Sasson Ifram Shaulov (ששון איפרם שאולוב; born 15 June 2002) is an Israeli singer and songwriter.

== Early life and education ==
Shaulov was born in the Bat Galim neighborhood of Haifa, the youngest of three children, to Samira, a caregiver, and Alexei, a welder. His family origins on both sides are Mountain Jewish. His parents divorced when he was young, and he was raised by his mother.

He completed his primary education at the "Aliya" school and studied until tenth grade at the Municipal Secondary School A, specializing in theater. Shaulov was released from military service by decision of the Military Police and volunteered for national service on several fronts.

For years, he worked as a gas station attendant and made coffee at train stations, positions he held until 2023.

==Music career==

Over the years, he tried several times to audition for The Next Star and The X Factor, but failed at the audition stage. He began his journey on the social media platform TikTok, where he posted covers of various songs.

On 15 June 2021, he released a cover of the song "Malka Sheli" by the musical group Karakokli. On 30 January 2022, he released the single "Not Tonight," a cover of a Dudu Tsa song. On 12 April, he released the single "I've Been Waiting for You & How Are You Going," a mashup of songs by Rinat Bar and Eden Ben Zaken. On 11 August, he released his second original single, "From Thoughts," which was also successful and reached number 60 on the Hitlist.

On 30 January 2023, he released the single "Something Real in the Eyes," which was Shaulov breakthrough hit and reached the top five on the charts. On 30 May, he released the single "Together with Me," which was also a hit and reached number 40 on the Billboard Hot 100.

On 28 August, he released the single "When the Summer Is Over," which reached number 12 on the chart. On 27 September, he released the single "Let's Talk," which was his second song to enter the top ten on the chart, peaking at number six. On 22 January 2024, he released the single "My Blood" featuring singer Odeya. On 18 February, Shaulov released a song called "Empty Streets," which is the first track from his upcoming mini-album. Two days later, on 20 February, he released the song "How Good We Are," and on 22 February, he released the singles "Where Are You?" and "Part of Me." On 29 February, he released the single "Queen of My Dreams" by Ben Chen.

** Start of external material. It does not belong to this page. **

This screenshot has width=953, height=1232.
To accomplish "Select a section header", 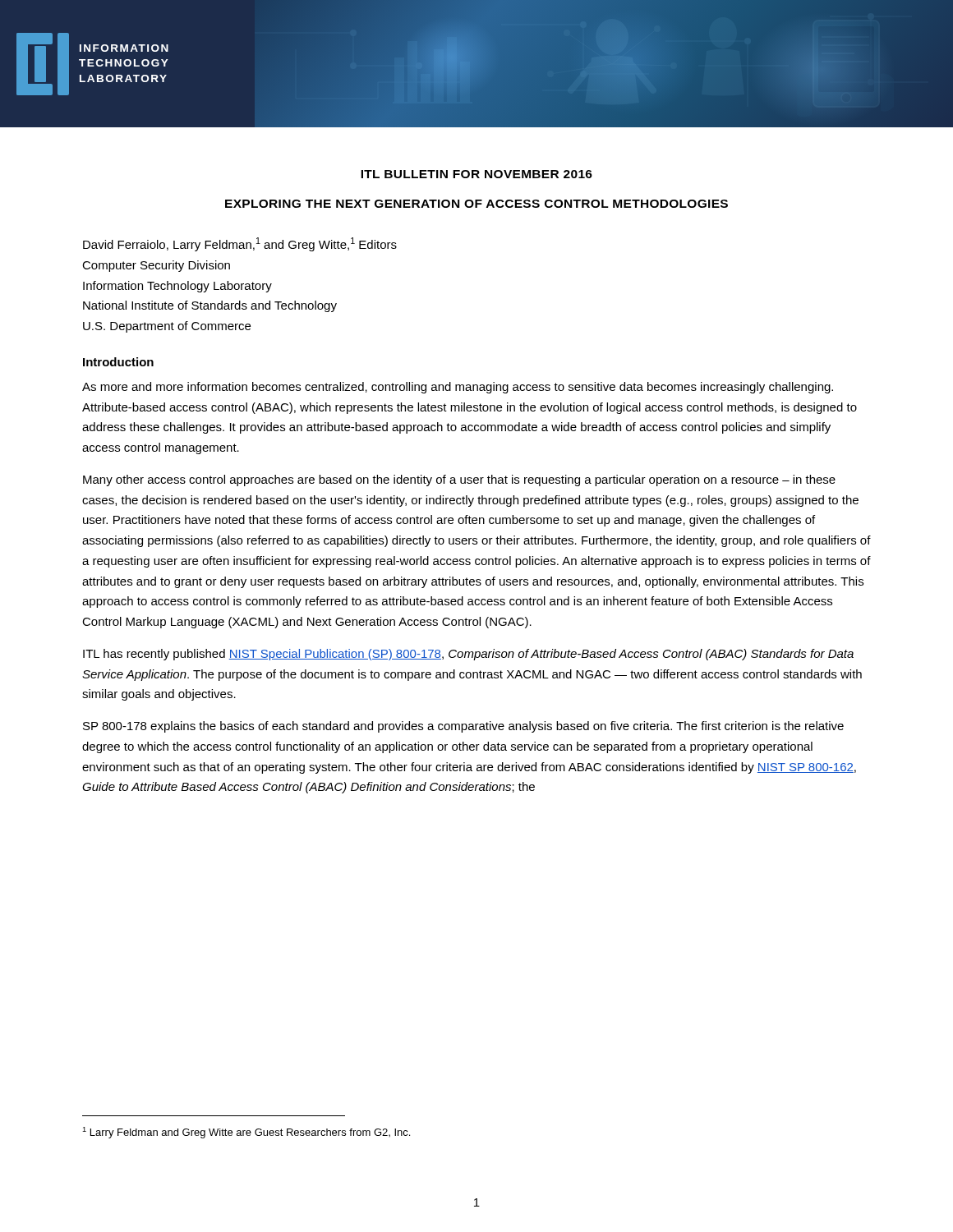I will coord(118,362).
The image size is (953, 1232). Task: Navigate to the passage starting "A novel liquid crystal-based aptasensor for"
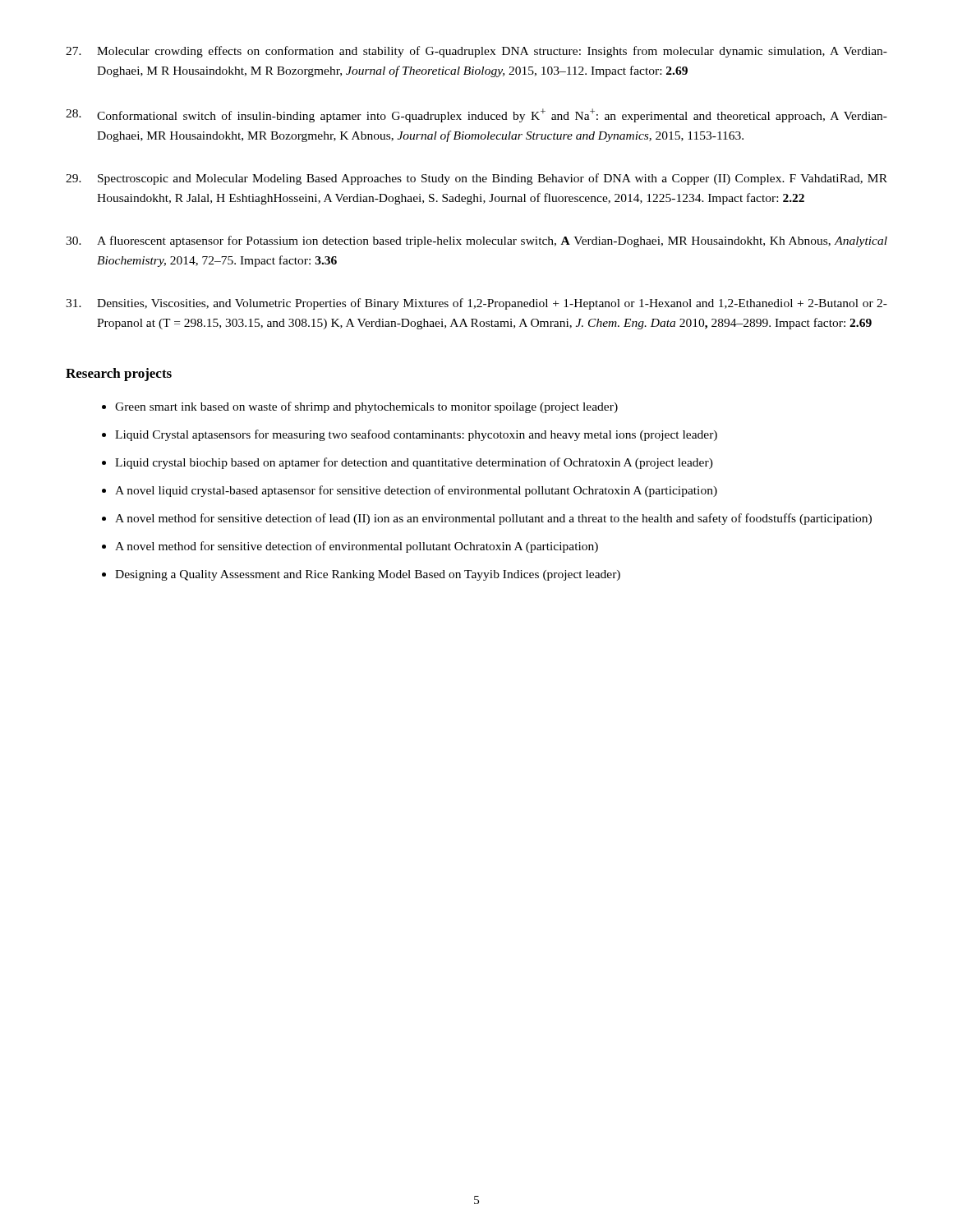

On 17 April, he released the single "A Life Like This." On 9 May, he released the single "You." On 21 July, he released the single "Dumb." His debut album, "Crazy Paradise," was released on 11 August 2024.

On 12 September 2024, "Broken Heart," his duet with Eden Hason, was released. A few days later, he released the single "Always Love Me," a cover of a Yair Elitzur song. The song became a hit and reached number one on Hitlist, Israel official music chart on the Mako Hitlist website, in October of that year. On 29 October, the song "My Father Has a Ladder" was released, featuring Amir Benayoun of the Wetan Shikanu project. On 26 November, the song "I Moved Forward" was released, featuring Itay Levi.

On 2 March 2025, his second album, "Always Happy," was released.

== Personal life ==
Shaulov lives in Ramat Gan. He added the middle name "Ifram" as an additional surname at the age of 16.